_WHAT YOU HAVE TO DO_. Every line from the start of the records through the line with "Image width covers 60.0°." is to be written out exactly; pictures are not.

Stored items
§ §

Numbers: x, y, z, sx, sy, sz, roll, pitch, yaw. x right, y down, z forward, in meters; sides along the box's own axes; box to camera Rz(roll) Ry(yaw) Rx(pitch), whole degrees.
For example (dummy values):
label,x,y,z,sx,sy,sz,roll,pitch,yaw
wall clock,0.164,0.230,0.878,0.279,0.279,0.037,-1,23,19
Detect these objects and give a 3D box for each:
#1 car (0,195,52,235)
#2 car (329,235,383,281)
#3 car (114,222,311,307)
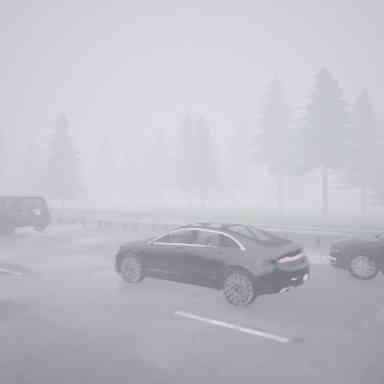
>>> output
label,x,y,z,sx,sy,sz,roll,pitch,yaw
car,-10.376,1.204,18.763,5.566,2.045,2.150,0,0,30
car,6.009,1.485,8.224,4.892,1.490,1.837,0,0,35
car,0.246,1.479,7.951,4.902,1.511,2.128,0,0,34
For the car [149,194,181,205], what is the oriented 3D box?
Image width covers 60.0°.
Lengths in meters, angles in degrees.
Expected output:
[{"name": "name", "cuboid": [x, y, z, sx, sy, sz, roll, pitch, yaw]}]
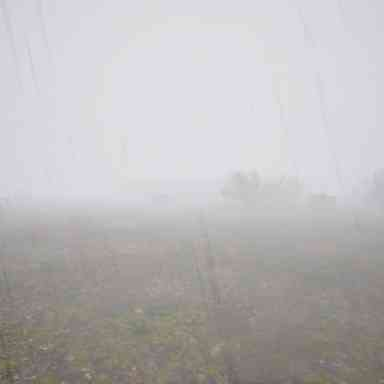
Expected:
[{"name": "car", "cuboid": [-3.709, 0.943, 45.871, 4.674, 1.442, 1.812, -1, 0, -36]}]
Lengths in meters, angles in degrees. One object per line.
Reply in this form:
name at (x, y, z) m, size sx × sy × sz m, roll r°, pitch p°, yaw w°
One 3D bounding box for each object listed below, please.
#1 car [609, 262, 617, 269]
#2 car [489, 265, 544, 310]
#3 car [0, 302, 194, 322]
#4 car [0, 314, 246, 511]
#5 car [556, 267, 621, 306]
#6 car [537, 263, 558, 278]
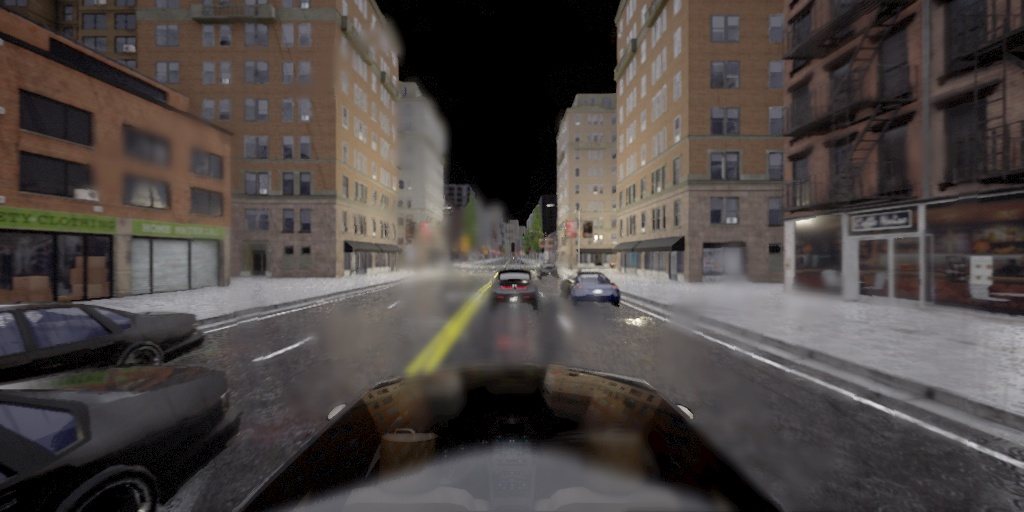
car at (18.917, 1.361, 62.321) m, size 4.097 × 1.591 × 1.967 m, roll 0°, pitch 0°, yaw 0°
car at (0.101, 1.296, 14.862) m, size 1.837 × 1.490 × 4.892 m, roll 0°, pitch 0°, yaw 0°
car at (-6.581, 1.306, 4.193) m, size 2.033 × 1.411 × 5.357 m, roll 0°, pitch 0°, yaw 0°
car at (-3.341, 1.295, 0.837) m, size 2.033 × 1.411 × 5.357 m, roll 0°, pitch 0°, yaw 0°
car at (3.352, 1.359, 15.950) m, size 1.994 × 1.385 × 4.181 m, roll 0°, pitch 0°, yaw 0°
car at (3.351, 1.356, 33.392) m, size 1.837 × 1.490 × 4.892 m, roll 0°, pitch 0°, yaw 0°
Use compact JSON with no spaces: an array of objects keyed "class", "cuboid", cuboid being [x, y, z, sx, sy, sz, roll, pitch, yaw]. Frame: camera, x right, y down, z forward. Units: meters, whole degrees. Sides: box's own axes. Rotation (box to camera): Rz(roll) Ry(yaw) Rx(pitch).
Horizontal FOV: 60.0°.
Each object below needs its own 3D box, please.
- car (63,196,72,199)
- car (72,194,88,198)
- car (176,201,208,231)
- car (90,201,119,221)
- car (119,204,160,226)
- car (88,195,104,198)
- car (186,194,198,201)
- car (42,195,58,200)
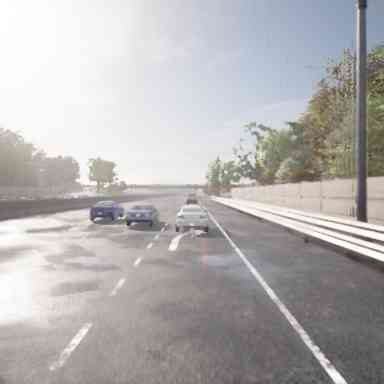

§ §

_SOLUTION TO THE EXERCISE_.
Numbers: x, y, z, sx, sy, sz, roll, pitch, yaw. x right, y down, z forward, in meters; sides along the box's own axes; box to camera Rz(roll) Ry(yaw) Rx(pitch), whole degrees.
For example (dummy values):
label,x,y,z,sx,sy,sz,roll,pitch,yaw
wall clock,0.164,0.230,0.878,0.279,0.279,0.037,-1,23,19
Detect these objects and give a 3D box for each:
#1 car (0,195,52,235)
#2 car (329,235,383,281)
#3 car (114,222,311,307)
>>> output
label,x,y,z,sx,sy,sz,roll,pitch,yaw
car,-10.376,1.204,18.763,5.566,2.045,2.150,0,0,30
car,6.009,1.485,8.224,4.892,1.490,1.837,0,0,35
car,0.246,1.479,7.951,4.902,1.511,2.128,0,0,34
For the car [149,194,181,205], what is the oriented 3D box?
Image width covers 60.0°.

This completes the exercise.